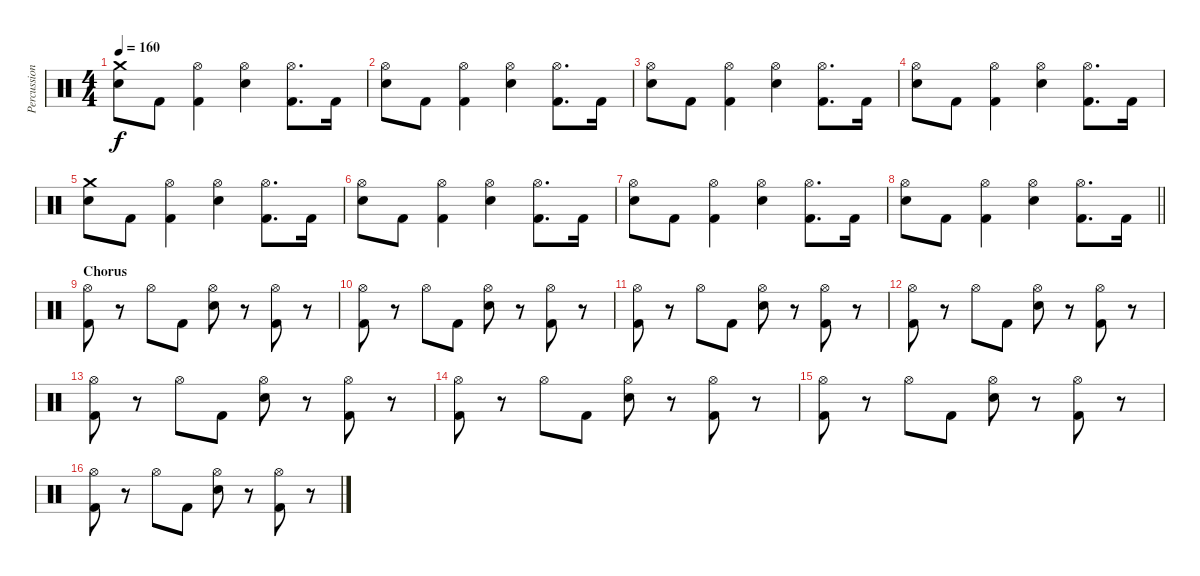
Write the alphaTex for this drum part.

\track ("Percussion" "Percussion") {instrument percussion}
\staff {score}
\articulation defaults
\ts (4 4)
\tempo 160
\clef neutral
\ks c
("Electric Snare (hit)" "Crash medium (hit)").8{dy f} "Kick (hit) 2".8 ("Kick (hit) 2" "Hi-Hat (open)").4 ("Electric Snare (hit)" "Hi-Hat (open)").4 ("Kick (hit) 2" "Hi-Hat (open)").8{d} "Kick (hit) 2".16 |
("Electric Snare (hit)" "Hi-Hat (open)").8 "Kick (hit) 2".8 ("Kick (hit) 2" "Hi-Hat (open)").4 ("Electric Snare (hit)" "Hi-Hat (open)").4 ("Kick (hit) 2" "Hi-Hat (open)").8{d} "Kick (hit) 2".16 |
("Electric Snare (hit)" "Hi-Hat (open)").8 "Kick (hit) 2".8 ("Kick (hit) 2" "Hi-Hat (open)").4 ("Electric Snare (hit)" "Hi-Hat (open)").4 ("Kick (hit) 2" "Hi-Hat (open)").8{d} "Kick (hit) 2".16 |
("Electric Snare (hit)" "Hi-Hat (open)").8 "Kick (hit) 2".8 ("Kick (hit) 2" "Hi-Hat (open)").4 ("Electric Snare (hit)" "Hi-Hat (open)").4 ("Kick (hit) 2" "Hi-Hat (open)").8{d} "Kick (hit) 2".16 |
("Electric Snare (hit)" "Crash medium (hit)").8 "Kick (hit) 2".8 ("Kick (hit) 2" "Hi-Hat (open)").4 ("Electric Snare (hit)" "Hi-Hat (open)").4 ("Kick (hit) 2" "Hi-Hat (open)").8{d} "Kick (hit) 2".16 |
("Electric Snare (hit)" "Hi-Hat (open)").8 "Kick (hit) 2".8 ("Kick (hit) 2" "Hi-Hat (open)").4 ("Electric Snare (hit)" "Hi-Hat (open)").4 ("Kick (hit) 2" "Hi-Hat (open)").8{d} "Kick (hit) 2".16 |
("Electric Snare (hit)" "Hi-Hat (open)").8 "Kick (hit) 2".8 ("Kick (hit) 2" "Hi-Hat (open)").4 ("Electric Snare (hit)" "Hi-Hat (open)").4 ("Kick (hit) 2" "Hi-Hat (open)").8{d} "Kick (hit) 2".16 |
\barLineRight lightlight
("Electric Snare (hit)" "Hi-Hat (open)").8 "Kick (hit) 2".8 ("Kick (hit) 2" "Hi-Hat (open)").4 ("Electric Snare (hit)" "Hi-Hat (open)").4 ("Kick (hit) 2" "Hi-Hat (open)").8{d} "Kick (hit) 2".16 |
\section ("" "Chorus")
("Kick (hit) 2" "Hi-Hat (open)").8 r.8 "Hi-Hat (open)".8 "Kick (hit) 2".8 ("Electric Snare (hit)" "Hi-Hat (open)").8 r.8 ("Kick (hit) 2" "Hi-Hat (open)").8 r.8 |
("Kick (hit) 2" "Hi-Hat (open)").8 r.8 "Hi-Hat (open)".8 "Kick (hit) 2".8 ("Electric Snare (hit)" "Hi-Hat (open)").8 r.8 ("Kick (hit) 2" "Hi-Hat (open)").8 r.8 |
("Kick (hit) 2" "Hi-Hat (open)").8 r.8 "Hi-Hat (open)".8 "Kick (hit) 2".8 ("Electric Snare (hit)" "Hi-Hat (open)").8 r.8 ("Kick (hit) 2" "Hi-Hat (open)").8 r.8 |
("Kick (hit) 2" "Hi-Hat (open)").8 r.8 "Hi-Hat (open)".8 "Kick (hit) 2".8 ("Electric Snare (hit)" "Hi-Hat (open)").8 r.8 ("Kick (hit) 2" "Hi-Hat (open)").8 r.8 |
("Kick (hit) 2" "Hi-Hat (open)").8 r.8 "Hi-Hat (open)".8 "Kick (hit) 2".8 ("Electric Snare (hit)" "Hi-Hat (open)").8 r.8 ("Kick (hit) 2" "Hi-Hat (open)").8 r.8 |
("Kick (hit) 2" "Hi-Hat (open)").8 r.8 "Hi-Hat (open)".8 "Kick (hit) 2".8 ("Electric Snare (hit)" "Hi-Hat (open)").8 r.8 ("Kick (hit) 2" "Hi-Hat (open)").8 r.8 |
("Kick (hit) 2" "Hi-Hat (open)").8 r.8 "Hi-Hat (open)".8 "Kick (hit) 2".8 ("Electric Snare (hit)" "Hi-Hat (open)").8 r.8 ("Kick (hit) 2" "Hi-Hat (open)").8 r.8 |
("Kick (hit) 2" "Hi-Hat (open)").8 r.8 "Hi-Hat (open)".8 "Kick (hit) 2".8 ("Electric Snare (hit)" "Hi-Hat (open)").8 r.8 ("Kick (hit) 2" "Hi-Hat (open)").8 r.8

....

**PROBLEM REQUIREMENTS**:
Which lines of the records above hold the word "medium"? Copy each of them.

**FINISHED TASK**:
("Electric Snare (hit)" "Crash medium (hit)").8{dy f} "Kick (hit) 2".8 ("Kick (hit) 2" "Hi-Hat (open)").4 ("Electric Snare (hit)" "Hi-Hat (open)").4 ("Kick (hit) 2" "Hi-Hat (open)").8{d} "Kick (hit) 2".16 |
("Electric Snare (hit)" "Crash medium (hit)").8 "Kick (hit) 2".8 ("Kick (hit) 2" "Hi-Hat (open)").4 ("Electric Snare (hit)" "Hi-Hat (open)").4 ("Kick (hit) 2" "Hi-Hat (open)").8{d} "Kick (hit) 2".16 |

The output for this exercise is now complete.